DIRECTIONS
Produce a verbatim transcription of all records.

-------- EXERCISE DATA

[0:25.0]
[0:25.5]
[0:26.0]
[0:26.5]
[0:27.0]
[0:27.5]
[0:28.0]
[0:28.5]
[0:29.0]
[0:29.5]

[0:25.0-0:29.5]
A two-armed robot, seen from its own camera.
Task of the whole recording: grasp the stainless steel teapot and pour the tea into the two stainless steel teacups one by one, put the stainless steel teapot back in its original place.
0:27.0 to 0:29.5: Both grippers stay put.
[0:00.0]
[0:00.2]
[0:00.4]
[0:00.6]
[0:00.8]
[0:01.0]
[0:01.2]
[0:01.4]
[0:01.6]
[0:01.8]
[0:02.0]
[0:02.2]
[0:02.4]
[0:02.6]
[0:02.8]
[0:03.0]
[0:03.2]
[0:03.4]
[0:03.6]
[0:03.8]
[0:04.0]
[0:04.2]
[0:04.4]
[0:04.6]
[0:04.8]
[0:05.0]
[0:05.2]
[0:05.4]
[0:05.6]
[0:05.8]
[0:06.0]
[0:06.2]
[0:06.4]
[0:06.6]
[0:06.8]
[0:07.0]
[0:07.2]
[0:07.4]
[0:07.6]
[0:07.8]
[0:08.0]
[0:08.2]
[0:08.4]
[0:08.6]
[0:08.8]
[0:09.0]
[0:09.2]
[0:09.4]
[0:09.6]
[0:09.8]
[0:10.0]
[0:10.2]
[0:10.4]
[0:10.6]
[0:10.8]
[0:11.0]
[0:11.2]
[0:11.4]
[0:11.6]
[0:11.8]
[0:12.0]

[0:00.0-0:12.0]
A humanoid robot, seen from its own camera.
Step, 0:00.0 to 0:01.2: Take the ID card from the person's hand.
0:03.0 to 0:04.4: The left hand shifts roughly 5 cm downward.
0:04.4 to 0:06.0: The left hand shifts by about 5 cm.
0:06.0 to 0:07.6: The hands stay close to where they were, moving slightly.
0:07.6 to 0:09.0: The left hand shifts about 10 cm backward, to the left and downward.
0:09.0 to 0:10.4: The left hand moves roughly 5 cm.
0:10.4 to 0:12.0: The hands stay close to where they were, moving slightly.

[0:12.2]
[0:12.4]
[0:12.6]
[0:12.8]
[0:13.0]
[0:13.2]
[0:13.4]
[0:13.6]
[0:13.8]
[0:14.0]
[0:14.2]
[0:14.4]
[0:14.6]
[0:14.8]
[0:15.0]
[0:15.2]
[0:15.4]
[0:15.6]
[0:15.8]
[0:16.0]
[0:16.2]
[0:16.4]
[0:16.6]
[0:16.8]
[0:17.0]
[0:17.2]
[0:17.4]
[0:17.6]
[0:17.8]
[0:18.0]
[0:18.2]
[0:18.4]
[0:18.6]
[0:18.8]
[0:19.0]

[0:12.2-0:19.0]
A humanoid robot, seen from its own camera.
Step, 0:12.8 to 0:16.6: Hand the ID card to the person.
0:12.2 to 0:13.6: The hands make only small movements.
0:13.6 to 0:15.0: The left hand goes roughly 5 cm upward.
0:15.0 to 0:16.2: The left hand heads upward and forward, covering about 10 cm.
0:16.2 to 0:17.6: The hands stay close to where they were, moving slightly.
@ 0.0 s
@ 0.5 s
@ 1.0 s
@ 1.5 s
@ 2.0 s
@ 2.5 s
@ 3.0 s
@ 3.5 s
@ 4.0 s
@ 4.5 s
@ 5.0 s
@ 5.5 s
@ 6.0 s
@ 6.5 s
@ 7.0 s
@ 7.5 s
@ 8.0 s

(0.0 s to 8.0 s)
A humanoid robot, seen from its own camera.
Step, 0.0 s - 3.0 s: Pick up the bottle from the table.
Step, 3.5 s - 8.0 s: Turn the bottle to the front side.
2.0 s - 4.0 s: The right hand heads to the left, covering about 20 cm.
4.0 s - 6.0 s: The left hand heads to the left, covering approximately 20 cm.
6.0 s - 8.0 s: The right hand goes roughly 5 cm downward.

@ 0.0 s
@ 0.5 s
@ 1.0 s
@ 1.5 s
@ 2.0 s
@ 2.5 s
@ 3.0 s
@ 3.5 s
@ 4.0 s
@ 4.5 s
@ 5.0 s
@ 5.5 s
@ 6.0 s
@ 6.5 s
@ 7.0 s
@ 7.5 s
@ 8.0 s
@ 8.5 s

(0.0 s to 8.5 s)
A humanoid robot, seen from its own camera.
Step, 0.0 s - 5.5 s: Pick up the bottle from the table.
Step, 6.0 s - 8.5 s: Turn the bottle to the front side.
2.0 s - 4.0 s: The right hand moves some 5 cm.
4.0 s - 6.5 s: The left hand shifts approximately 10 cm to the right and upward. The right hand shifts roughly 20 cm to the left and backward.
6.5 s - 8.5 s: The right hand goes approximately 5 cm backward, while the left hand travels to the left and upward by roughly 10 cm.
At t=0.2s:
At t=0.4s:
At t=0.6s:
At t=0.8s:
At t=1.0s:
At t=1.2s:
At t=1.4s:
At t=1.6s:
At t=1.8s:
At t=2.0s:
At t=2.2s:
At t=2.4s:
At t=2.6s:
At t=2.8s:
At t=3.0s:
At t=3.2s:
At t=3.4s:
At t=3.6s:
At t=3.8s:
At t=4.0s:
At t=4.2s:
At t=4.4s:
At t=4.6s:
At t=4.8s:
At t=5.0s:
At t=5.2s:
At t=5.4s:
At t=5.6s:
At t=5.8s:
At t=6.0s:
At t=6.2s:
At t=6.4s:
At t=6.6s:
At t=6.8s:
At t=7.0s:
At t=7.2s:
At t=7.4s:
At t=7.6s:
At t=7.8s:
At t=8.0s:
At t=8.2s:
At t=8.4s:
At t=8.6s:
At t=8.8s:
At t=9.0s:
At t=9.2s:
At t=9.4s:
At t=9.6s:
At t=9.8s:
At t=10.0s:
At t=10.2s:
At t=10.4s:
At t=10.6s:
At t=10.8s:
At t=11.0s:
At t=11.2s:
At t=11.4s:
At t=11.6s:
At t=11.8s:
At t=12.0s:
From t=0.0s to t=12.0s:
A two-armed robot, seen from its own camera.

----------------

THE ANSWER
[0:25.0]
[0:25.5]
[0:26.0]
[0:26.5]
[0:27.0]
[0:27.5]
[0:28.0]
[0:28.5]
[0:29.0]
[0:29.5]

[0:25.0-0:29.5]
A two-armed robot, seen from its own camera.
Task of the whole recording: grasp the stainless steel teapot and pour the tea into the two stainless steel teacups one by one, put the stainless steel teapot back in its original place.
0:27.0 to 0:29.5: Both grippers stay put.
[0:00.0]
[0:00.2]
[0:00.4]
[0:00.6]
[0:00.8]
[0:01.0]
[0:01.2]
[0:01.4]
[0:01.6]
[0:01.8]
[0:02.0]
[0:02.2]
[0:02.4]
[0:02.6]
[0:02.8]
[0:03.0]
[0:03.2]
[0:03.4]
[0:03.6]
[0:03.8]
[0:04.0]
[0:04.2]
[0:04.4]
[0:04.6]
[0:04.8]
[0:05.0]
[0:05.2]
[0:05.4]
[0:05.6]
[0:05.8]
[0:06.0]
[0:06.2]
[0:06.4]
[0:06.6]
[0:06.8]
[0:07.0]
[0:07.2]
[0:07.4]
[0:07.6]
[0:07.8]
[0:08.0]
[0:08.2]
[0:08.4]
[0:08.6]
[0:08.8]
[0:09.0]
[0:09.2]
[0:09.4]
[0:09.6]
[0:09.8]
[0:10.0]
[0:10.2]
[0:10.4]
[0:10.6]
[0:10.8]
[0:11.0]
[0:11.2]
[0:11.4]
[0:11.6]
[0:11.8]
[0:12.0]

[0:00.0-0:12.0]
A humanoid robot, seen from its own camera.
Step, 0:00.0 to 0:01.2: Take the ID card from the person's hand.
0:03.0 to 0:04.4: The left hand shifts roughly 5 cm downward.
0:04.4 to 0:06.0: The left hand shifts by about 5 cm.
0:06.0 to 0:07.6: The hands stay close to where they were, moving slightly.
0:07.6 to 0:09.0: The left hand shifts about 10 cm backward, to the left and downward.
0:09.0 to 0:10.4: The left hand moves roughly 5 cm.
0:10.4 to 0:12.0: The hands stay close to where they were, moving slightly.

[0:12.2]
[0:12.4]
[0:12.6]
[0:12.8]
[0:13.0]
[0:13.2]
[0:13.4]
[0:13.6]
[0:13.8]
[0:14.0]
[0:14.2]
[0:14.4]
[0:14.6]
[0:14.8]
[0:15.0]
[0:15.2]
[0:15.4]
[0:15.6]
[0:15.8]
[0:16.0]
[0:16.2]
[0:16.4]
[0:16.6]
[0:16.8]
[0:17.0]
[0:17.2]
[0:17.4]
[0:17.6]
[0:17.8]
[0:18.0]
[0:18.2]
[0:18.4]
[0:18.6]
[0:18.8]
[0:19.0]

[0:12.2-0:19.0]
A humanoid robot, seen from its own camera.
Step, 0:12.8 to 0:16.6: Hand the ID card to the person.
0:12.2 to 0:13.6: The hands make only small movements.
0:13.6 to 0:15.0: The left hand goes roughly 5 cm upward.
0:15.0 to 0:16.2: The left hand heads upward and forward, covering about 10 cm.
0:16.2 to 0:17.6: The hands stay close to where they were, moving slightly.
@ 0.0 s
@ 0.5 s
@ 1.0 s
@ 1.5 s
@ 2.0 s
@ 2.5 s
@ 3.0 s
@ 3.5 s
@ 4.0 s
@ 4.5 s
@ 5.0 s
@ 5.5 s
@ 6.0 s
@ 6.5 s
@ 7.0 s
@ 7.5 s
@ 8.0 s

(0.0 s to 8.0 s)
A humanoid robot, seen from its own camera.
Step, 0.0 s - 3.0 s: Pick up the bottle from the table.
Step, 3.5 s - 8.0 s: Turn the bottle to the front side.
2.0 s - 4.0 s: The right hand heads to the left, covering about 20 cm.
4.0 s - 6.0 s: The left hand heads to the left, covering approximately 20 cm.
6.0 s - 8.0 s: The right hand goes roughly 5 cm downward.

@ 0.0 s
@ 0.5 s
@ 1.0 s
@ 1.5 s
@ 2.0 s
@ 2.5 s
@ 3.0 s
@ 3.5 s
@ 4.0 s
@ 4.5 s
@ 5.0 s
@ 5.5 s
@ 6.0 s
@ 6.5 s
@ 7.0 s
@ 7.5 s
@ 8.0 s
@ 8.5 s

(0.0 s to 8.5 s)
A humanoid robot, seen from its own camera.
Step, 0.0 s - 5.5 s: Pick up the bottle from the table.
Step, 6.0 s - 8.5 s: Turn the bottle to the front side.
2.0 s - 4.0 s: The right hand moves some 5 cm.
4.0 s - 6.5 s: The left hand shifts approximately 10 cm to the right and upward. The right hand shifts roughly 20 cm to the left and backward.
6.5 s - 8.5 s: The right hand goes approximately 5 cm backward, while the left hand travels to the left and upward by roughly 10 cm.
At t=0.2s:
At t=0.4s:
At t=0.6s:
At t=0.8s:
At t=1.0s:
At t=1.2s:
At t=1.4s:
At t=1.6s:
At t=1.8s:
At t=2.0s:
At t=2.2s:
At t=2.4s:
At t=2.6s:
At t=2.8s:
At t=3.0s:
At t=3.2s:
At t=3.4s:
At t=3.6s:
At t=3.8s:
At t=4.0s:
At t=4.2s:
At t=4.4s:
At t=4.6s:
At t=4.8s:
At t=5.0s:
At t=5.2s:
At t=5.4s:
At t=5.6s:
At t=5.8s:
At t=6.0s:
At t=6.2s:
At t=6.4s:
At t=6.6s:
At t=6.8s:
At t=7.0s:
At t=7.2s:
At t=7.4s:
At t=7.6s:
At t=7.8s:
At t=8.0s:
At t=8.2s:
At t=8.4s:
At t=8.6s:
At t=8.8s:
At t=9.0s:
At t=9.2s:
At t=9.4s:
At t=9.6s:
At t=9.8s:
At t=10.0s:
At t=10.2s:
At t=10.4s:
At t=10.6s:
At t=10.8s:
At t=11.0s:
At t=11.2s:
At t=11.4s:
At t=11.6s:
At t=11.8s:
At t=12.0s:
From t=0.0s to t=12.0s:
A two-armed robot, seen from its own camera.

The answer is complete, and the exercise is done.